Quem faz o que gostanão precisa ter que trabalhar

 
No lugar da milenar contradição trabalho x lazer, o sociólogo italiano Domenico De Masi propõe o conceito de ócio criativo: “aquele que junta trabalho, lazer e estudo na mesma atividade”. Mais do que isso, diz aos quatro ventos, como fez recentemente em entrevista para  revista Veja, que é, justamente, no Brasil que o seu conceito tem mais futuro:

“…considero o Brasil como o país que corresponde melhor a minhas idéias. Quando o povo organiza os desfiles de Carnaval, está praticando ócio criativo. O Carnaval do Rio é a expressão mais completa do ócio criativo. Gera riqueza, divertimento e conhecimento.
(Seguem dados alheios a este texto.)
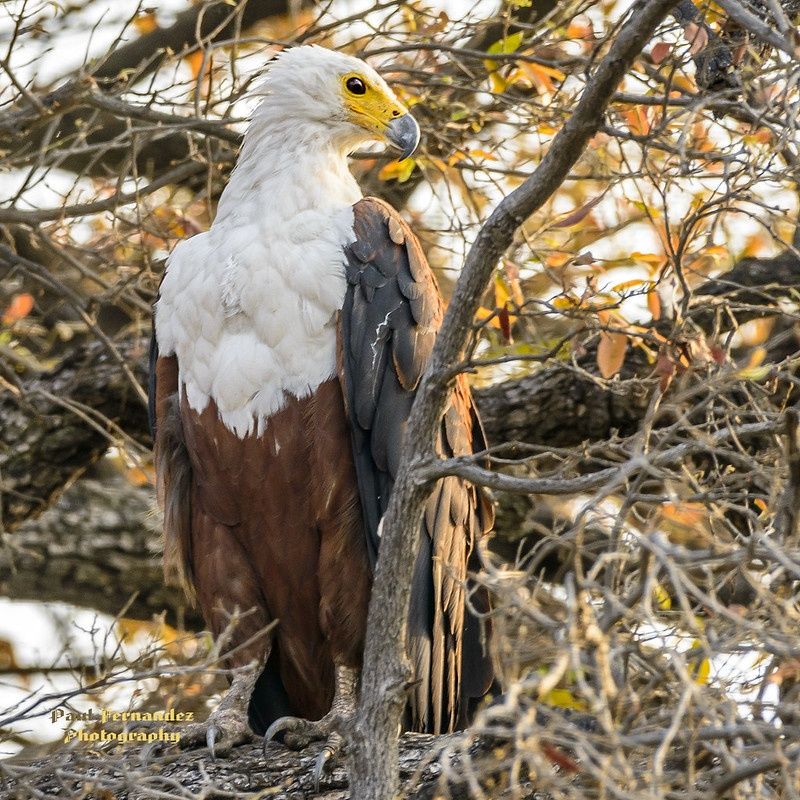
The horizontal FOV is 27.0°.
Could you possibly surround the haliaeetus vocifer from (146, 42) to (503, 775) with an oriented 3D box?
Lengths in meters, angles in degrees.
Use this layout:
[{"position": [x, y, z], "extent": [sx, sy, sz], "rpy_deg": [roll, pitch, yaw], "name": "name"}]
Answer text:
[{"position": [-0.232, -0.027, 5.288], "extent": [1.139, 2.404, 0.837], "rpy_deg": [7, -15, -8], "name": "haliaeetus vocifer"}]

E é popular, extremamente popular.”

Domenico De Masi, Veja, 27.03.2002

Essa afirmação é ainda mais curiosa quando sabemos (como foi salientado no Gestão Hoje 377) que, desde a colonização, o trabalho foi considerado uma coisa aviltante, indigno de quem era “filho de algo”. Clóvis Cavalcanti, economista da Fundação Joaquim Nabuco, Recife, acrescenta uma importante informação à discussão do assunto:

“Os índios brasileiros não têm uma palavra para trabalho. Não existe para eles a dicotomia trabalho-lazer. É tudo uma mesma coisa, ou seja, viver a vida.”

Clóvis Cavalcanti

Será que, por obra e graça de nossa peculiar formação histórica, a mistura produzida pelo nativo que desconhecia a diferença entre trabalho e lazer, pelo colonizador aventureiro e avesso ao trabalho sistemático, e pelo escravo importado que, mesmo diante das condições mais adversas, manteve seu espírito lúdico ancestral, terminou por produzir um povo singularmente preparado para a sociedade pós-industrial?
Esse, sem dúvida, é um assunto dos mais interessantes e digno da atenção de pensadores do quilate de Gilberto Freyre e Darcy Ribeiro. O futuro dirá se a intuição de Domenico De Masi tem ou não sentido.
O interessante de discutir no presente é essa questão da dicotomia trabalho x lazer, ou melhor, da tríplice articulação trabalho-lazer-estudo como quer De Masi. A questão trata, essencialmente, da não oposição entre esses “estados”, como na concepção de mundo do índio brasileiro.
Em recente workshop sobre administração do tempo e qualidade de vida, uma participante, gaúcha, concordando com o raciocínio de que administra melhor o tempo e sua própria vida quem trabalha com o que gosta, citou uma frase dita a ela por seu próprio pai, em forma de conselho:

“Procura fazer o que gosta. Assim, tu não vais mais precisar trabalhar.”

Sílvio Schuler

Claro que dizer isto é bem mais fácil do que praticar. Todavia, uma coisa é certa: se a pessoa está fazendo um trabalho de que não gosta ou que considera um suplício, não há ninguém que possa tirá-lo dessa situação senão ela própria.
Para administrar o tempo, por exemplo (o recurso mais escasso de que dispomos), não há melhor maneira do que fazer um trabalho de que se gosta, que é uma coisa lúdica e, não, um estorvo. Todos nós já tivemos essa experiência relativista com o tempo: uma hora passada fazendo uma atividade chata é bem mais longa do que uma hora fazendo uma atividade que dá prazer.
Donde se conclui que lutar para trabalhar com algo que seja prazeroso é, não só uma necessidade prática como uma obrigação que cada um tem consigo próprio. A observação da vida real tem demonstrado que quem estabelece isso como meta consegue, ainda que demore algum tempo.